> **TASK DIRECTIONS**
Give exactly the lines from the one with "Image resolution: width=924" through the final line of the listing below, both included, leaving out any pictures.

::: RECORD EXCERPTS :::

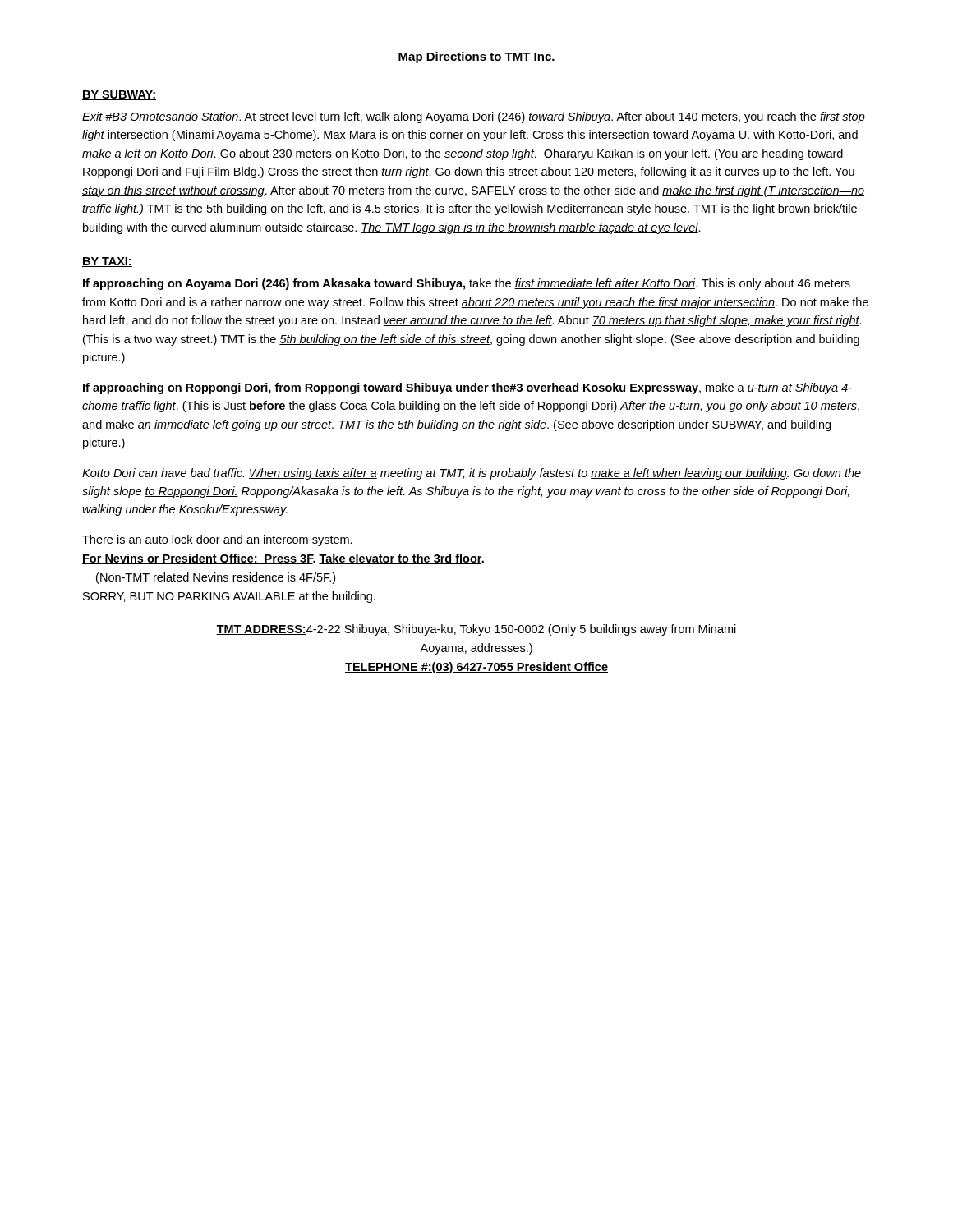Locate the block of text that opens with "There is an auto lock door"
Image resolution: width=953 pixels, height=1232 pixels.
tap(283, 568)
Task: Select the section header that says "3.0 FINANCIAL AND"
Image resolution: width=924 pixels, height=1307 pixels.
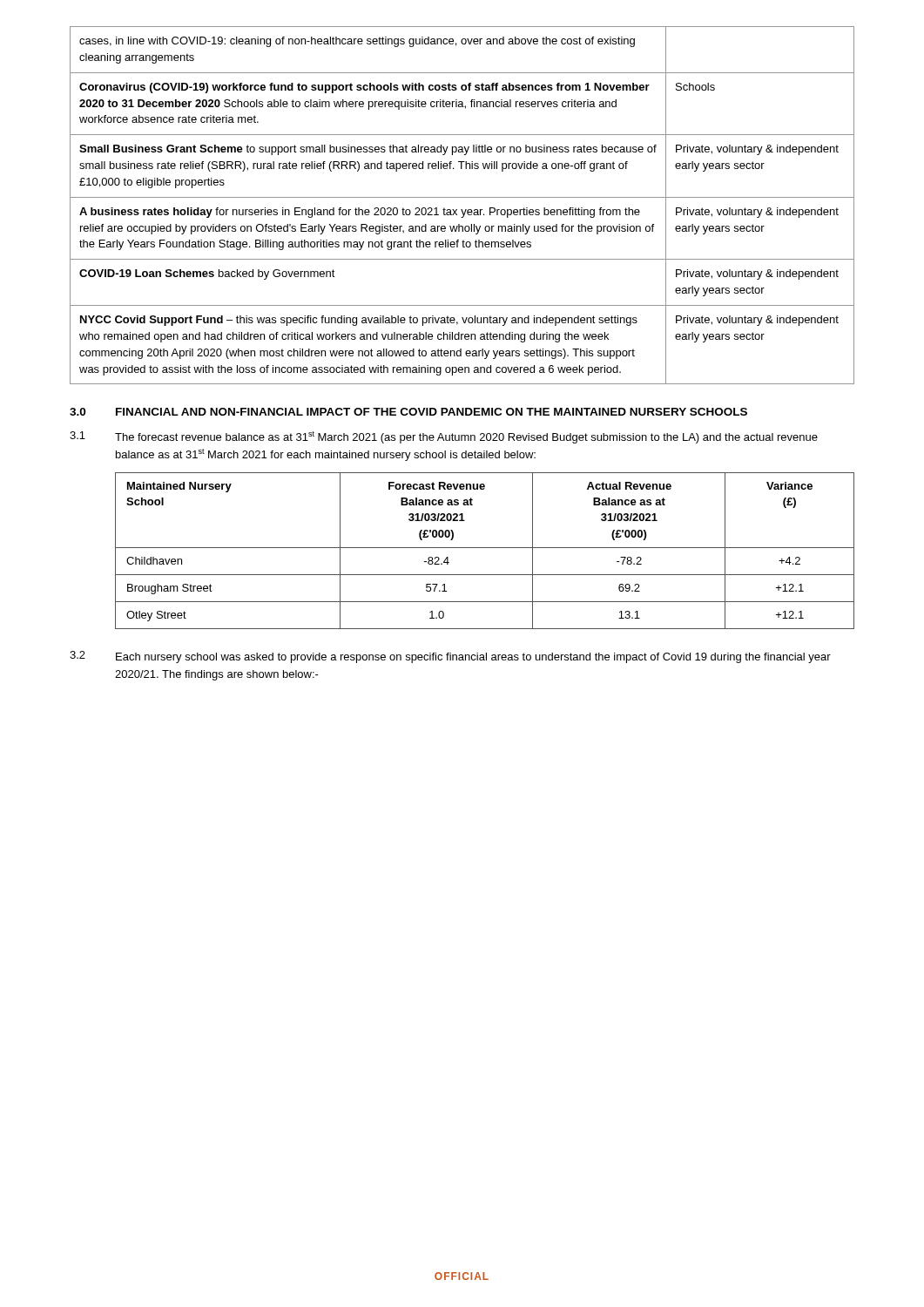Action: tap(409, 412)
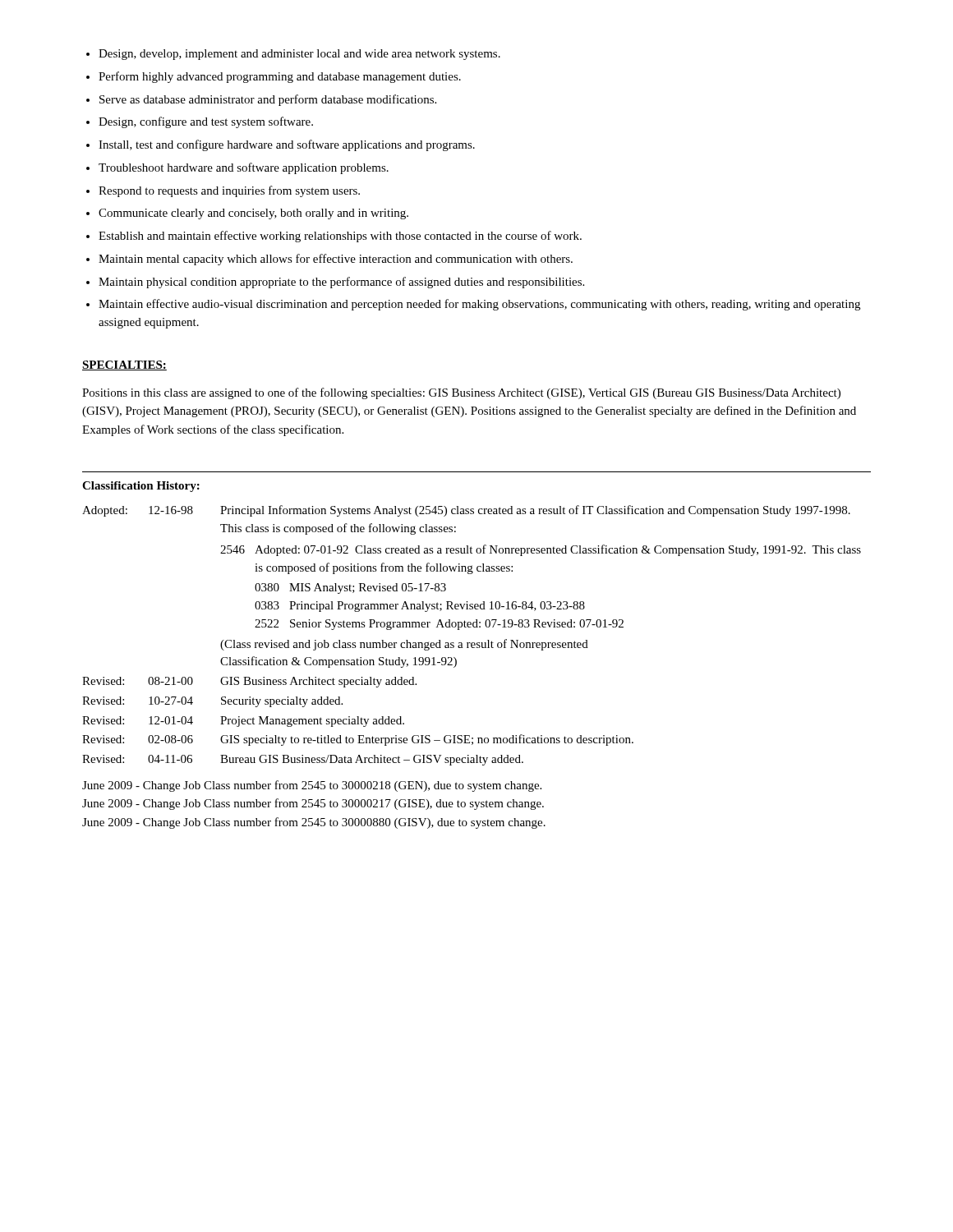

:::

> **WRITTEN SOLUTION**
Image resolution: width=924 pixels, height=1307 pixels.
Action: tap(409, 412)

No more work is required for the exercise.